First, here is the unofficial summary:
Appeals and cross‐appeal heard in tandem from a judgment of the United States Tax Court (Kroupa, J.) and an opinion and order of the United States District Court for the Southern District of New York (Stanton, J.) applying the ʺeconomic substance doctrineʺ to transactions involving foreign tax credits. The Tax Court considered the effect of foreign taxes in its pre‐tax analysis and denied the claimed foreign tax credits as lacking economic substance, but allowed interest expense deductions for the loan associated with the transactions. The district court held that the economic substance doctrine applies to transactions involving foreign tax credits generally and that foreign taxes are to be included in calculating pre‐tax profit.Well, that's pretty cryptic. I won't try to summarize the complex facts whereby the parties involved tried to exploit the tax regimes of the countries involved. The Court summarizes its holdings in the Conclusion as follows:
The Court summarizes all of its holdings in the conclusion:
Accordingly, the decisions of the district court and Tax Court are AFFIRMED. To summarize:
(1) We reject AIG's contention that foreign tax credits, by their nature, are not reviewable for economic substance. The purpose of the "economic substance" doctrine is to ensure that a taxpayer's use of a tax benefit complies with Congress's purpose in creating that benefit. Accordingly, we hold that the "economic substance" doctrine can be applied to disallow a claim for foreign tax credits.
(2) In determining whether a transaction lacks economic substance, we consider: (a) whether the taxpayer had an objectively reasonable expectation of profit, apart from tax benefits, from the transaction; and (b) whether the taxpayer had a subjective non-tax business purpose in entering the transaction. Gilman, 933 F.2d at 147-48. In our Circuit, we employ a "flexible" analysis where both prongs are factors to consider in the overall inquiry into a transaction's economic substance.
(3) The focus of the objective inquiry is whether the transaction "offers a reasonable opportunity for economic profit, that is, profit exclusive of tax benefits." Gilman, 933 F.2d at 146 (internal quotation marks omitted). We conclude, as a matter of first impression in this Circuit, that foreign taxes are economic costs and should thus be deducted when calculating pre-tax profit. We also conclude that it is appropriate, in calculating pre-tax profit, for a court both to include the foreign taxes paid and to exclude the foreign tax credits claimed. In so holding, we agree with the Federal Circuit in Salem and disagree with decisions of the Fifth and Eighth Circuits (Compaq and IES, respectively).

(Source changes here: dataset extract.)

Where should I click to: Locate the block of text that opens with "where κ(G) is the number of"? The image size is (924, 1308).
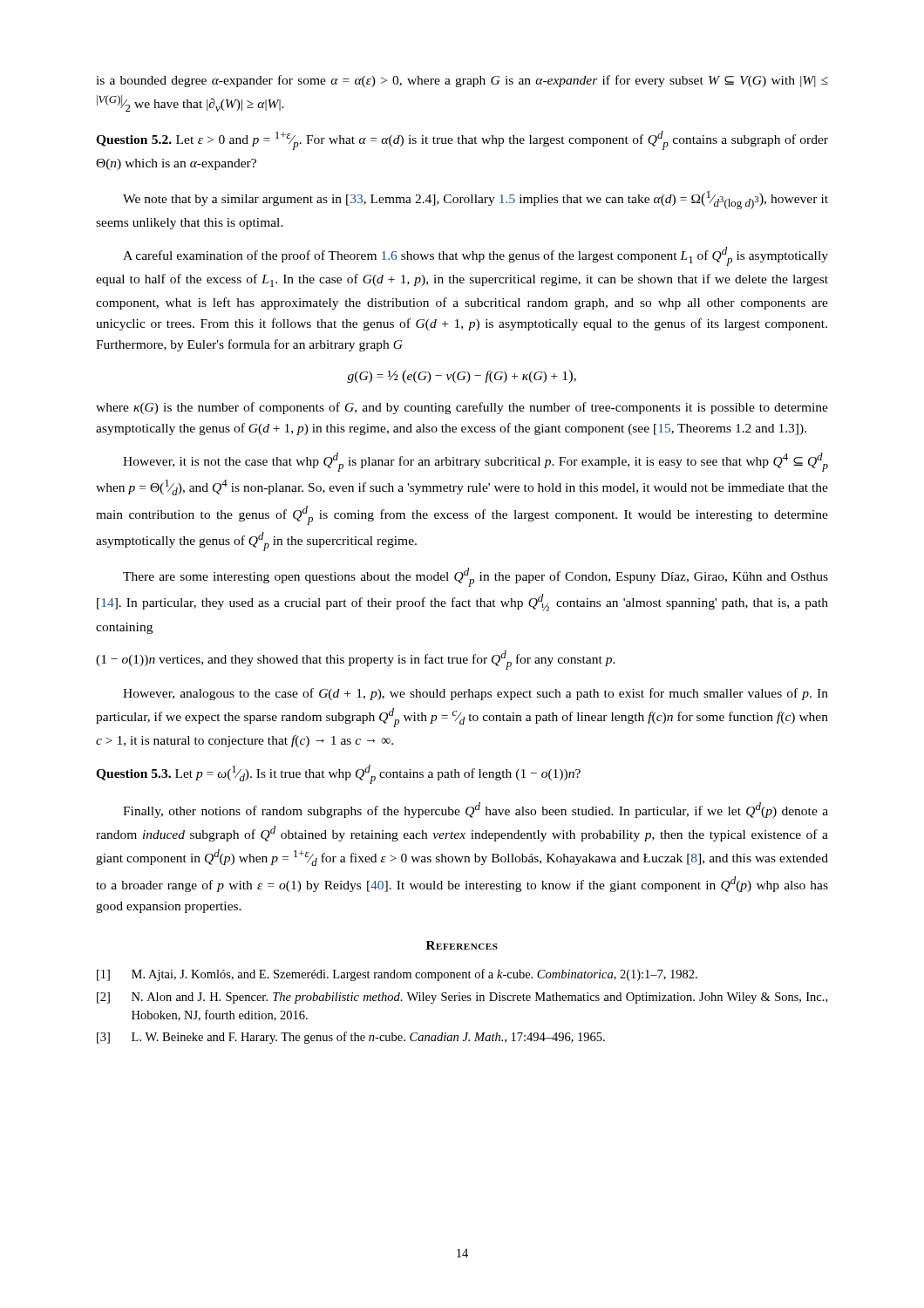[462, 417]

(4) Under the subjective prong, a court asks whether the taxpayer has a legitimate, non-tax business purpose for entering into the transaction.
(5) As to AIG's transactions, we hold that there are unresolved material questions of fact regarding the objective factors -- i.e., the economic effects of the cross-border transactions and the reasonableness of AIG's expectation of non-tax benefits. There are also material questions of fact regarding AIG's subjective business purpose for entering the cross-border transactions. Because a reasonable factfinder could resolve these questions in favor of the government and conclude therefrom that the cross-border transactions lacked economic substance, the district court did not err in denying AIG's motion for partial summary judgment.
(6) As to BNY's transactions, we hold that the Tax Court correctly concluded that the STARS trust transaction lacked economic substance. We also hold that the Tax Court did not err in concluding that the $1.5 billion loan from Barclays had independent economic substance, and that BNY was therefore entitled to deduct the associated interest expenses. Accordingly, we affirm the Tax Court's judgment in its entirety.I now want to focus on the economic substance holding related to the the foreign tax credit manipulation that the Fifth Circuit and the Eighth Circuit had blessed in Compaq Comput. Corp. v. Commissioner, 277 F.3d 778 (5th Cir. 2001); and IES Indus., Inc. v. United States, 253 F.3d 350 (8th Cir. 2001). Essentially, in calling the tax shelters in the instant cases bullshit, the Court was, in kinder judicial language, calling Compaq and IES bullshit as well. So, let's see how it did that:
a. Objective Economic Substance
The focus of the objective inquiry is whether the transaction "offers a reasonable opportunity for economic profit, that is, profit exclusive of tax benefits." Gilman, 933 F.2d at 146 (internal quotation marks omitted). As relevant here, our Circuit has yet to determine how profit should be calculated when a transaction involves foreign tax credits. The question is whether, for purposes of the economic substance doctrine, foreign taxes should be treated as costs when calculating pre-tax profit. If the answer is yes, then a transaction will be less likely to appear profitable under the objective prong of the economic substance test.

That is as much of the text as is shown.